He aquí el dilema fundamental y dramático al que el hombre actual se enfrenta, aquel que llevó a Camus a afirmar: “No hay más que un problema filosófico verdaderamente serio: el suicidio. Juzgar que la vida vale o no vale la pena de que se la viva es responder a la pregunta fundamental de la filosofía. Las demás, si el mundo tiene tres dimensiones, si el espíritu tiene nueve o doce categorías vienen a continuación. Se trata de juegos; primeramente hay que responder”. Yo me he decidido por esta respuesta: para encontrar el sentido de la vida hay que salir de uno mismo (del vacío de uno mismo), vivir de dentro a fuera, subsumir (que no negar) mi vida como individuo en la corriente universal que busca realizarse como Unidad. Añadirme, pues, a esta corriente a la que se refiere Ortega cuando dice: “La vida ha triunfado sobre el planeta gracias a que en vez de atenerse a la necesidad la ha inundado, la ha anegado en exuberantes posibilidades, permitiendo que el fracaso de una sirva de puente para la victoria de otra”. Otras posturas intermedias entre decidir vivir o suicidarse (el autismo, la esquizofrenia, la depresión…) tampoco me convencen.

3 comentarios:

  1. LA PULSIÓN DE LA VIDA

    Hola, Javier: ese término medio que no te convence en el caso tratado de la vida, es, en la mayoría de los casos, una virtud: “la virtud está en el término medio”. Término medio aquí anulado. El todo es externalizarse hacia esa corriente universal por ti anhelada; la nada es el autismo o la depresión. Ocurre que no creo que ésta sea voluntaria; el suicidio sí lo es. El suicidio es el dolor extremo de no aguantar el que supone la propia vida, unido a la debilidad del empuje vital. Todo ser vivo ha nacido para regenerarse dando vida nueva, tiene una pulsión vital inexcusable, pero, a su vez, el hombre es consciente de su caducidad, se sabe perecedero. Es el único ser que tiene consciencia de ello, y así el dolor exterior se ve acrecentado. La visión existencialista de Camus tiene gran parte de razón, antes de dilucidar sobre los entresijos de la vida hay que elucubrar sobre si merece la pena ese dolor exterior. Es otra versión sin término medio: el suicidio es lo más radical que se puede decidir por no poder soportar.

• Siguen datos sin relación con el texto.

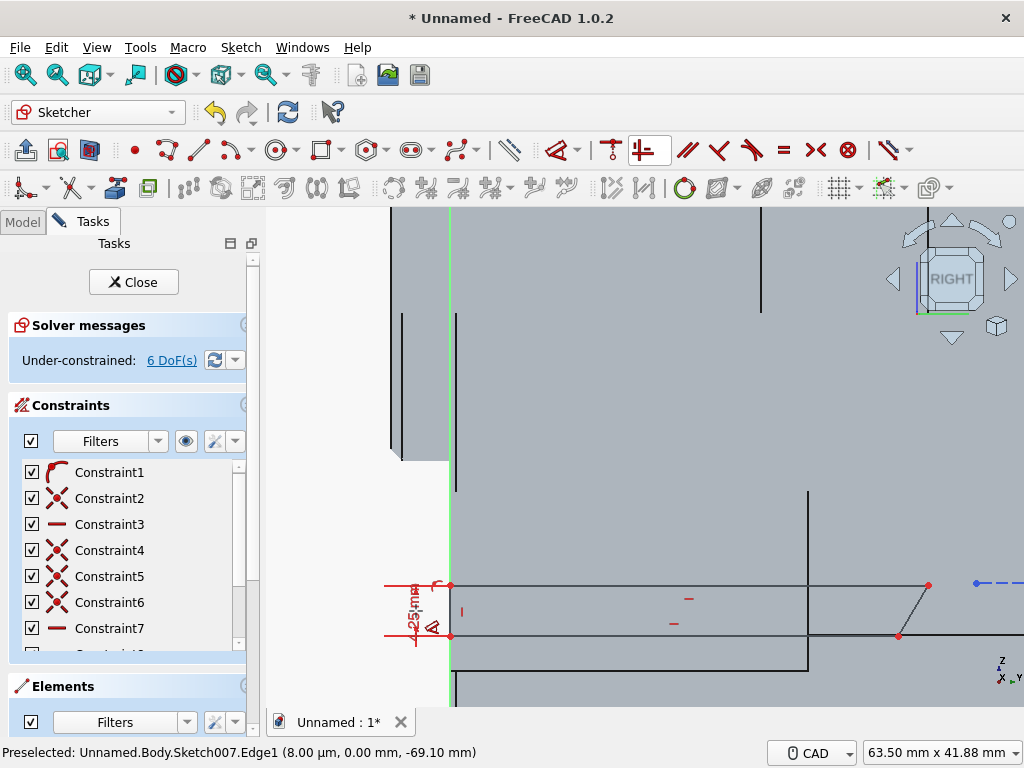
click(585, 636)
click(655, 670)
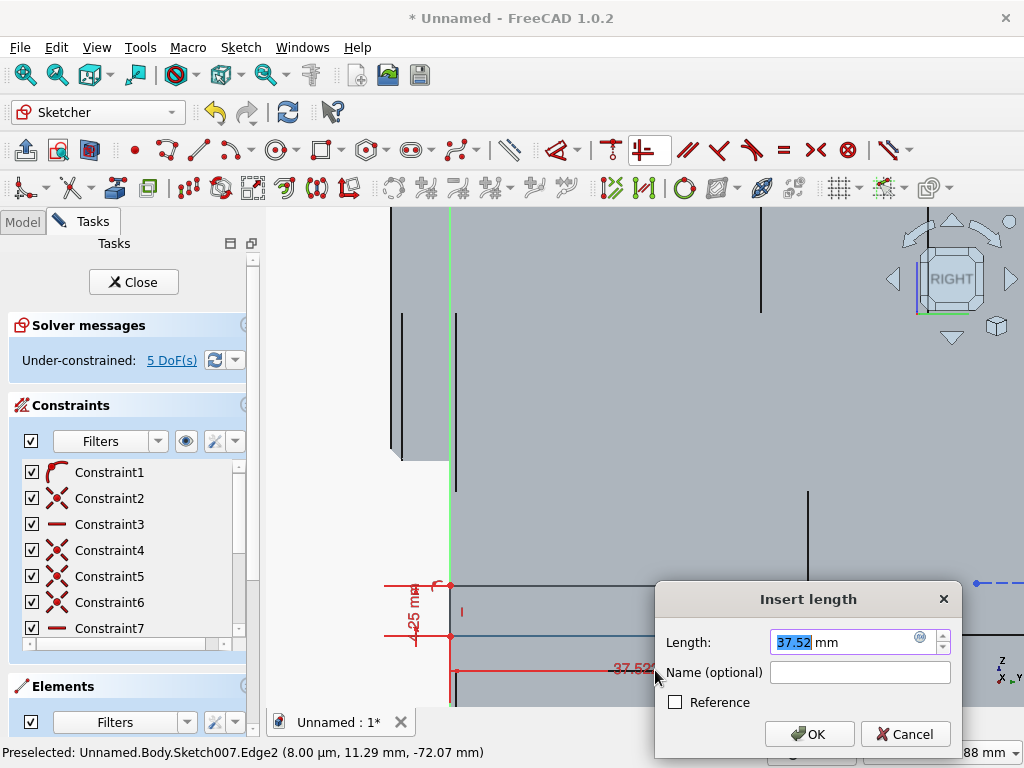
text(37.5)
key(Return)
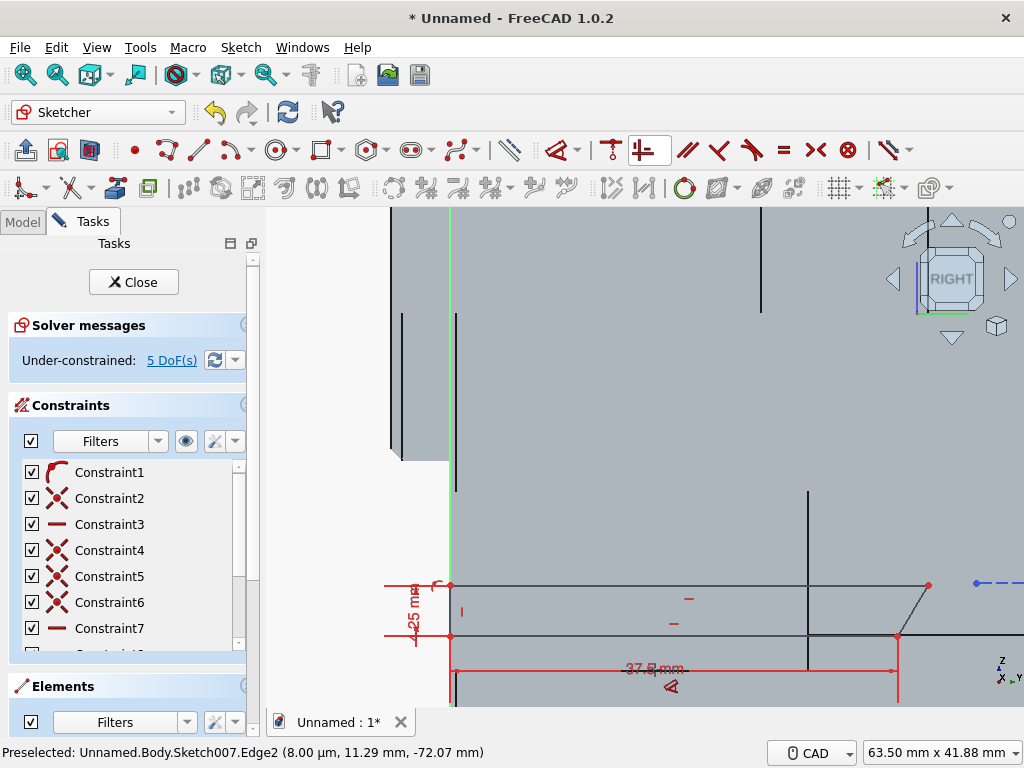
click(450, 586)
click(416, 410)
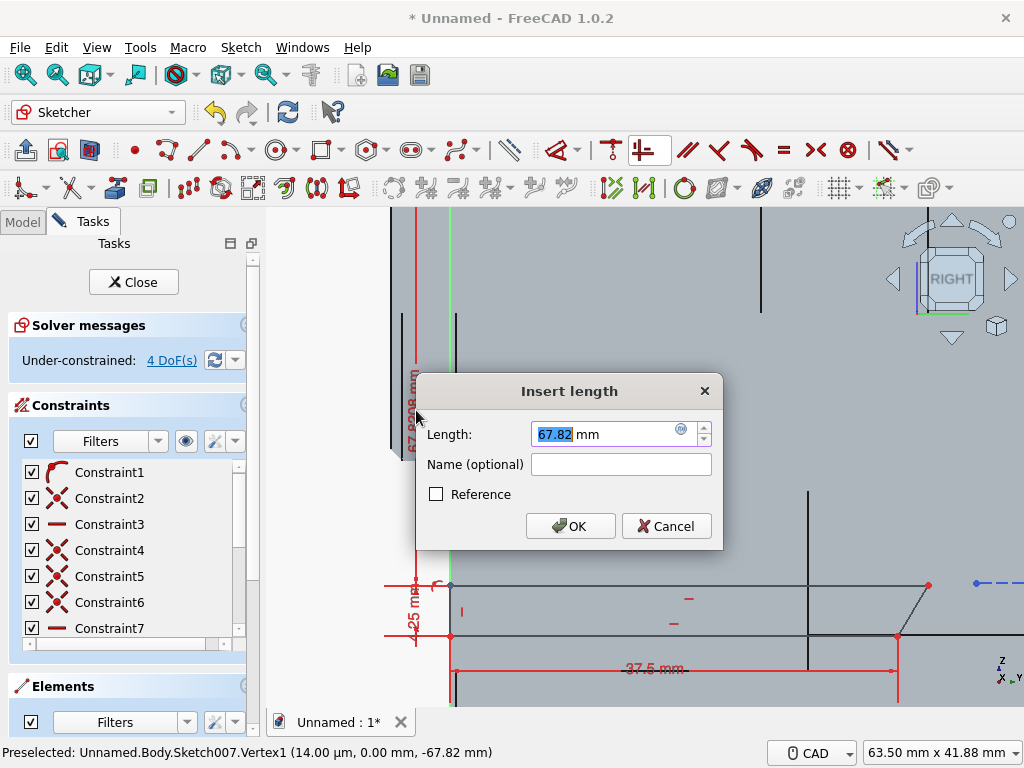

    El exterior nos hiere y seguimos. Ha de ganar nuestro impulso vital: lo llevamos en los genes. Todo ser vivo tiende a perpetuarse y a vivir. En nuestra latitud, las plantas adormecen en invierno por el frío y el hielo (amen de por la falta de luz), pero en cuanto detectan la dilatación de las horas de sol más el aumento de temperatura, vuelven a retoñar. Allí donde el hielo y el frío no son inconvenientes, las plantas retoñan todo el año. El frío y el hielo para alguno de nosotros son la dureza y el dolor de lo exterior. Hay quien desconoce tales factores delimitadores y vive perennemente como las plantas de climas cálidos, pero el frío deja ateridos a muchos espíritus en cuanto que asoman al exterior.

    El retrotraernos hacia la niñez para eludir el dolor exterior no sólo es una opción voluntaria, sino que la propia naturaleza nos lleva a ello. Muchas veces se ha dicho que la vejez es un retroceso a una segunda niñez; a una segunda Nada. Quien consigue una lucidez mantenida que le ayuda a obviar ese trance, es un privilegiado que seguirá brotando hasta el final de sus días sin necesidad de esconderse frente al dolor de lo exterior. Quien se pierde en la infancia senil estará buscando de nuevo un útero acogedor e indoloro. Y, tristemente, esa ausencia de dolor será la muerte. Aunque habría que dar voz a esa indolencia buscada por el Buda de tu imagen aportada (y por ende a toda la iniciativa oriental que puja por asirse a ella, aunque sé que tú, directamente, lo consideras no vida).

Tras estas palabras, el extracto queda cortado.